The Verdict's Still Out

Are mammograms lifesavers or a waste of time? An independent panel of cancer experts has again raised doubts about the X-rays, announcing on Wednesday that there was insufficient evidence to show that they prevented women from dying from breast cancer. The group, the P.D.Q. screening and prevention editorial board, found flaws in seven major studies indicating that mammograms could prevent breast-cancer deaths in women over 40. NEWSWEEK science writer and Senior Editor Sharon Begley assesses the possible impact of the panel's findings:

What are the implications of the panel's statements? Are the members saying that early detection is unnecessary?

Sharon Begley: Oncologists have found time and again that the earlier breast cancer is detected, the more likely is the woman to survive the disease. How, then, can mammograms not save lives? Let's be clear what the National Cancer Institute's expert panel concluded: that there is no incontrovertible evidence that mammograms prevent breast-cancer deaths. We have been down this road before: in 1997 an expert panel of the National Institutes of Health voted not to recommend regular mammograms for women in their 40s. The panel concluded: "breast cancer mortality is no lower in women who [received mammograms in their 40s] than in controls." But then, the value of mammograms for older women seemed clear. Now even that is out the window.

How can this square with the finding that early detection is key to survival? Let's take younger women first. In women 40 to 49, breast cancer is rare: 16 cases per 1,000 women. Since relatively few die of the disease in the first place, it would take an awfully powerful detection technique, not to mention effective treatment, to make much of a statistical dent in the death rate. And mammography in younger women isn't that accurate, partly because it does not see well through their dense breast tissue. According to the NCI panel, mammograms miss as many as 25 percent of invasive cancers in 40- to 49-year-old women. What about older women, whose less-dense breast tissue is more amenable to mammograms? Let's say a woman has a slow-growing, "indolent" tumor. With or without mammography, those are usually curable, typically by lumpectomy. So women skipping regular mammograms would have just as high a survival rate as women who have them. Indolent tumors might make up half of all breast tumors. But if a tumor is aggressive, even by the time a mammogram finds it, a few cells will have likely broken off to seed another organ with cancer. In other words, early detection may still be too late. A 1996 study found that women in their 40s had much faster-growing tumors than older women, possibly because cancer-causing genes kick in at a younger age or because higher levels of estrogen feed these tumors. So in both indolent and aggressive cancers, mammograms make little difference. That's why their benefits are not showing up in studies, and that's why the NCI panel concluded that evidence of their benefits is lacking.
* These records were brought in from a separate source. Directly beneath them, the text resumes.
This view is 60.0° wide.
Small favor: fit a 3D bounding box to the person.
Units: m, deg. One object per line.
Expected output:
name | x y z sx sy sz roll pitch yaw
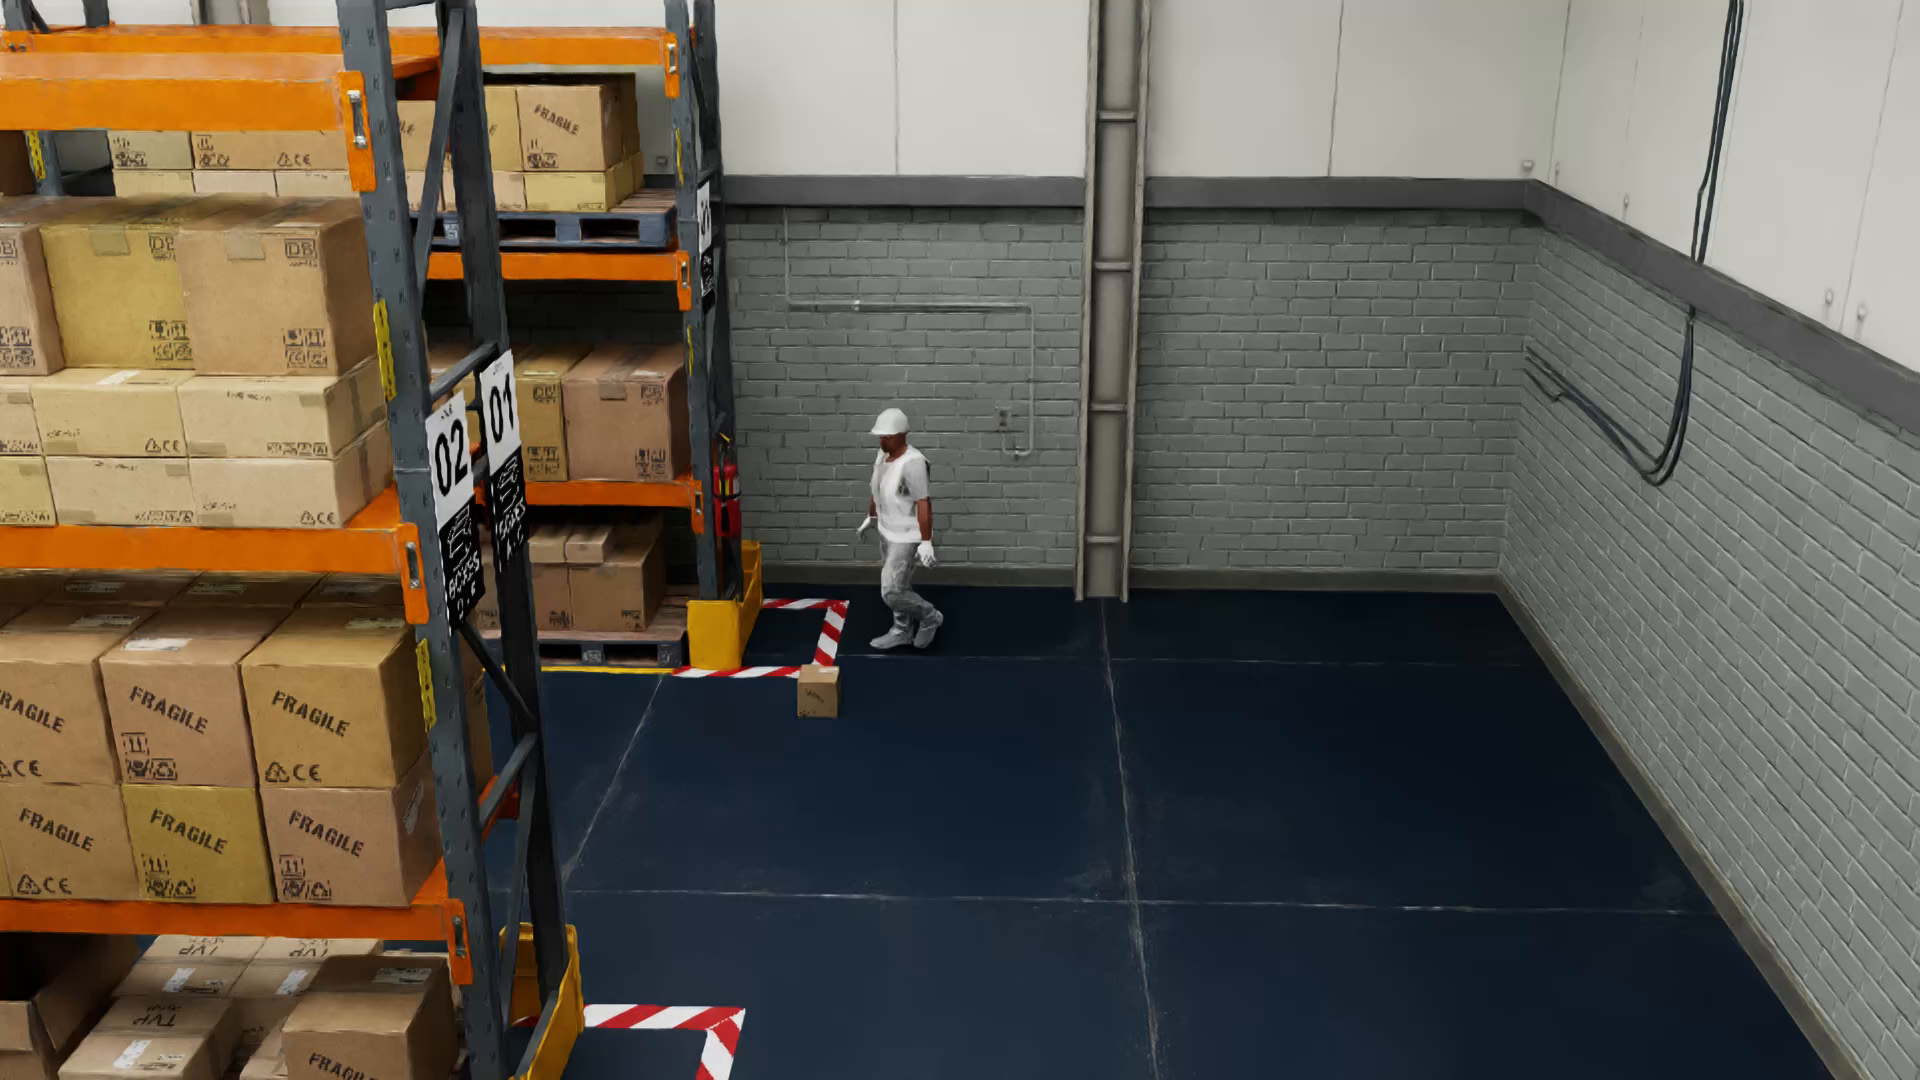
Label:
person | -0.367 -0.048 11.143 0.511 1.771 0.712 -10 23 -25

Does this mean insurance companies are now likely to cut back on paying for mammograms?

That's very unlikely. The final verdict on mammograms is not in, so as long as there is a chance that they save lives-and remember, what the panels concluded this week as well as in 1997 is that the benefit is not proved--insurers will almost certainly continue to cover them. Insurers did refuse to cover bone-marrow transplant costs for women with breast cancer, but in that case they were right: the procedure did not extend life or health.

Does this finding only apply to women in their 40s?

The 1997 analysis cast doubt on the value of mammograms for younger women--that is, those under 50. The current panel has extended those doubts to older women.

It's obvious why insurers and researchers are concerned about this issue. But for an individual woman, what's the downside of having an unnecessary X-ray?

This is a key point: The radiation dose in a mammogram is so low that it poses virtually no risk of triggering a cancer in healthy cells. "Virtually" because there is a small percentage of women who carry a genetic mutation that makes them supersensitive to radiation. The greater risk is of false positives-that is, detecting something that is not cancer. Another crucial consideration is whether a woman and her doctor understand the limitations of mammograms. Even having an annual screening doesn't mean a woman can skip monthly self-examination of her breasts. A clean mammogram does not mean a woman is cancer-free.

Given all this conflicting information, what should women do now?

The National Cancer Institute has not changed its recommendation that women have regular mammograms, starting in their 40s. Even researchers who cast doubt on whether mammograms save lives agree that there is little harm in having them as recommended by a woman's doctor, as long as the women understands their limitations and the danger of false positives. The bottom line is clear if not pretty: you can't count only on mammograms.